Wanneer het kind de erfelijke afwijking NIET geërfd heeft, zal het geen FAP krijgen. Dit kind kan dan ook de afwijking niet doorgeven aan de eigen kinderen.
Iemand met MUTYH-geassocieerde polyposis genoemd, afgekort MAP wordt recessief overgeërfd.
Iemand krijgt de ziekteverschijnselen van MAP als beide ouders de mutatie hebben geërfd. De kans is 25 %.
Ondanks dat de ouders beide drager zijn van het MUTYH-gen hebben vader en moeder zelf geen ziekteverschijnselen.
Kinderen van een MAP-patiënt (ervan uitgaande dat de partner GEEN MAP heeft) erven één mutatie en worden drager van het MUTYH-gen. Zij hebben geen poliepen en geen verhoogde kans op darmkanker.
Spontane mutatie
In hele enkele gevallen is er sprake van een spontane mutatie. De ziekte komt dan niet in voorgaande generaties voor. Bij een deel van de spontane mutaties is er sprake van kiembaanmozaïcisme. Hierbij kunnen meerdere broers of zussen zijn aangedaan zonder dat één van de ouders de ziekte heeft.
Lees meer over erfelijkheid bij polyposis op kanker.nl
https://www.kanker.nl/bibliotheek/fap/wat-is/117-erfelijke-aanleg-bij-fap
Er kunnen helaas ook poliepen voorkomen op andere plaatsen in het maagdarmstelsel namelijk in de maag, in de twaalfvingerige darm(duodenum), in het overblijvende endeldarm (rectum) en in de pouch. Vooral de poliepen in de duodenum en eventueel resterende rectum moeten regelmatig gecontroleerd worden. Hiervoor bestaan specifieke opvolgingsrichtlijnen aangepast aan de specifieke situatie van de patiënt. Vandaar dat het belangrijk is om ook na de dikkedarmoperatie bijkomende onderzoeken te laten uitvoeren om deze poliepen op te sporen en zo nodig te laten behandelen!

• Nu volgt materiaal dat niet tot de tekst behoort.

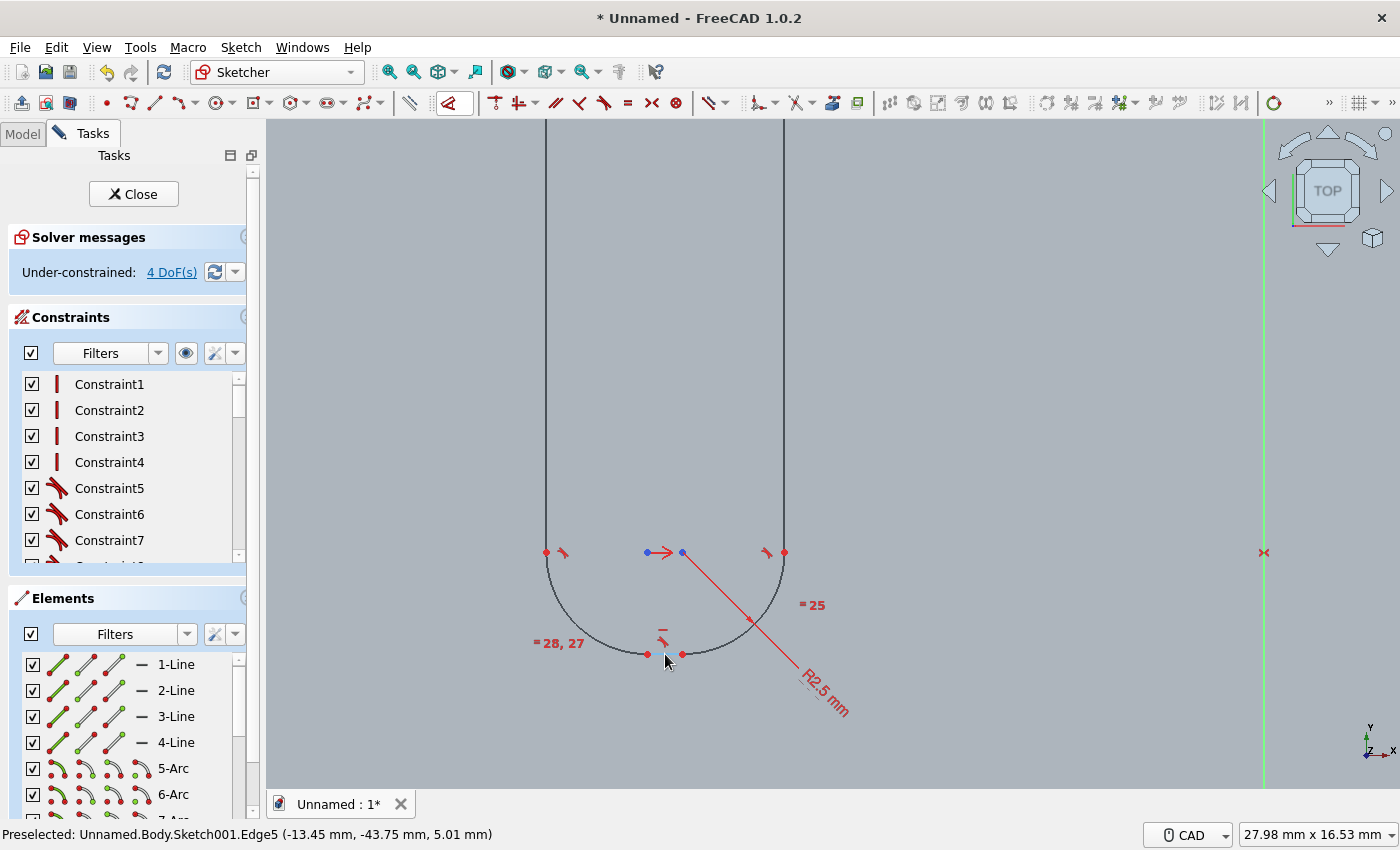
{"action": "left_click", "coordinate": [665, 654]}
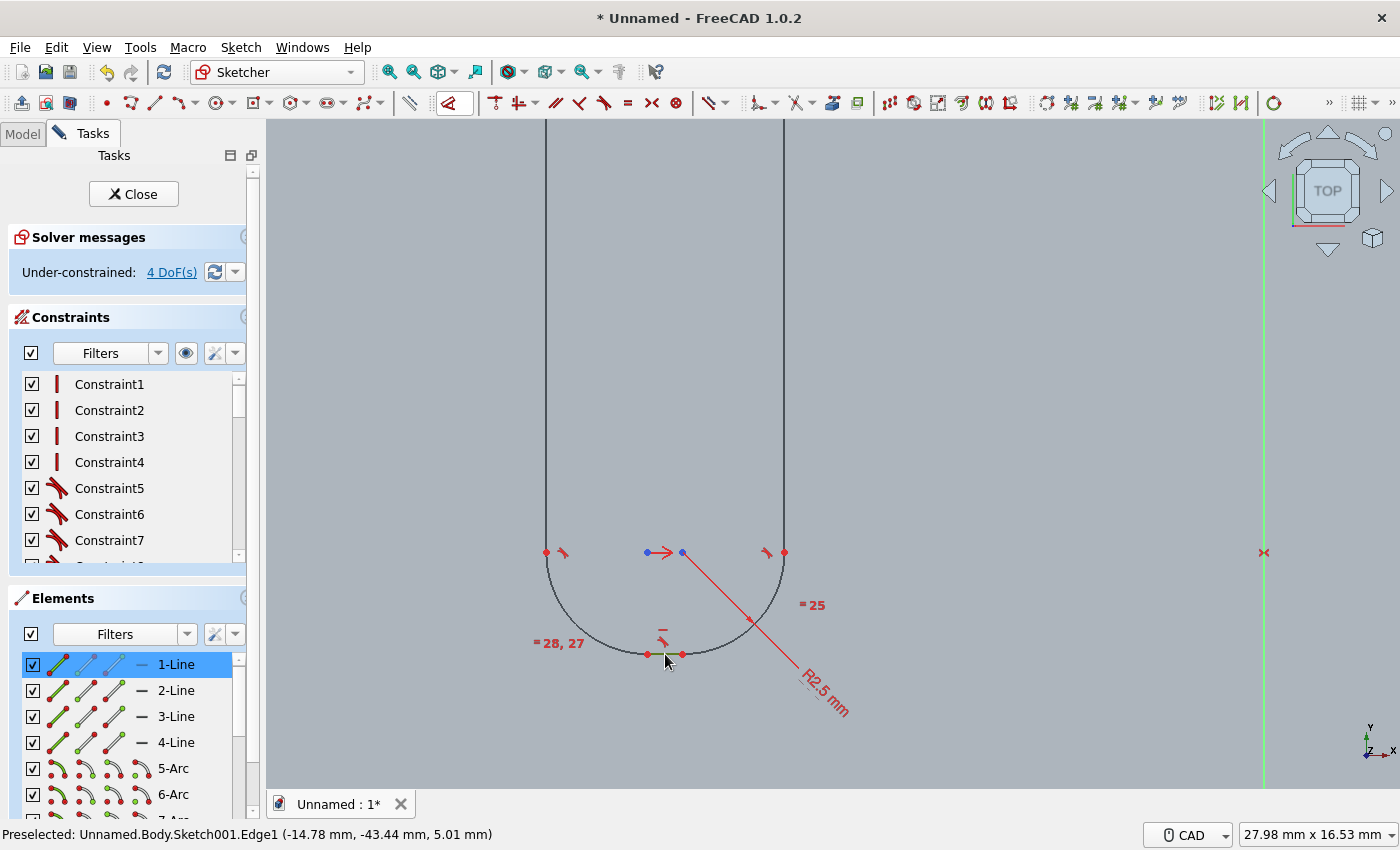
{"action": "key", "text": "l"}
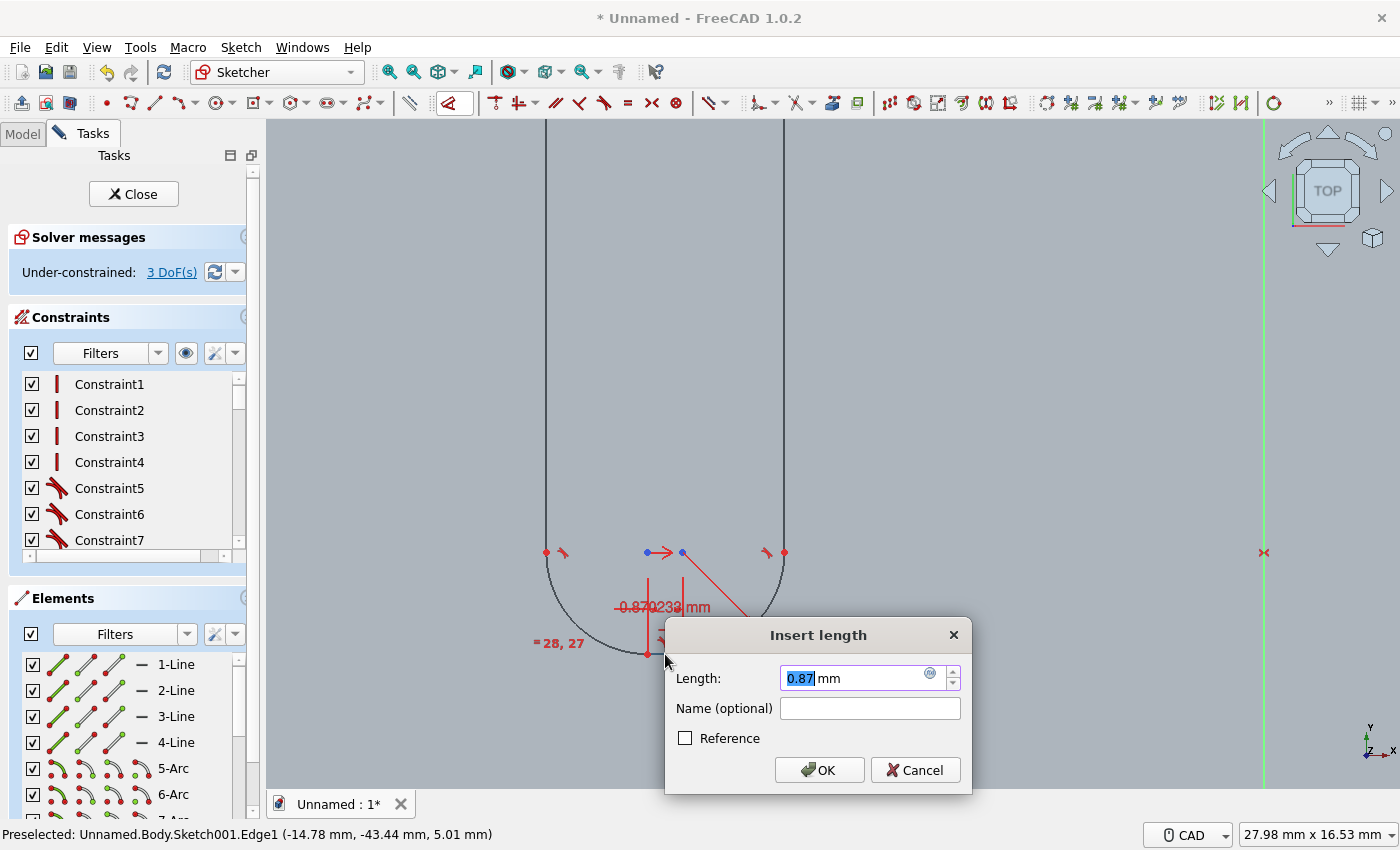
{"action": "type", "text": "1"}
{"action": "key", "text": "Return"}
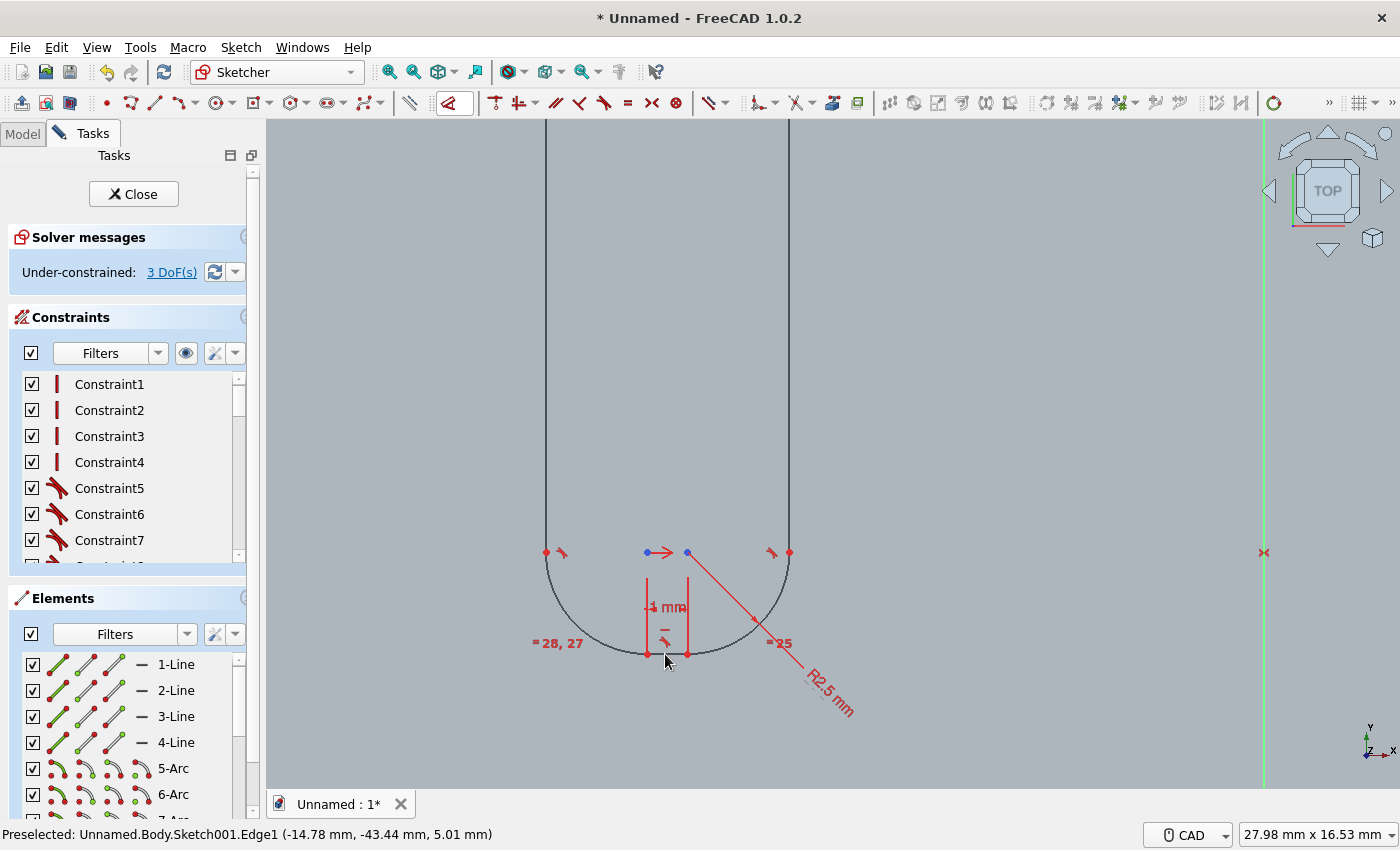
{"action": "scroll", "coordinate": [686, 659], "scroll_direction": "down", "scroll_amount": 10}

Gelukkig worden poliepen buiten de dikke darm veel minder vaak kwaadaardig (slechts in 4-5% van de gevallen).
Ook poliepen in de maag komen voor maar deze poliepen zijn ongevaarlijk. Poliepen in de pouch zijn veel minder frequent (18%) en worden zeer zelden kwaadaardig. Ondanks dat ze niet snel kwaadaardig zijn, is het toch aan te raden om regelmatig het hele maagdarmstelsel te laten controleren op poliepen.
Zie hiervoor deze pagina, waarin de behandeling bij Polyposis uitgebreid beschreven is.
Naast dikkedarmpoliepen, maagpoliepen en dunnedarmpoliepen kunnen er ook andere symptomen voorkomen.
Desmoïdtumoren; Dit zijn goedaardige bindweefselgezwellen in de buikwand of buikholte. Deze tumoren kunnen problemen geven als zij drukken op de dunne darm of op de afvoerkanalen van de nieren.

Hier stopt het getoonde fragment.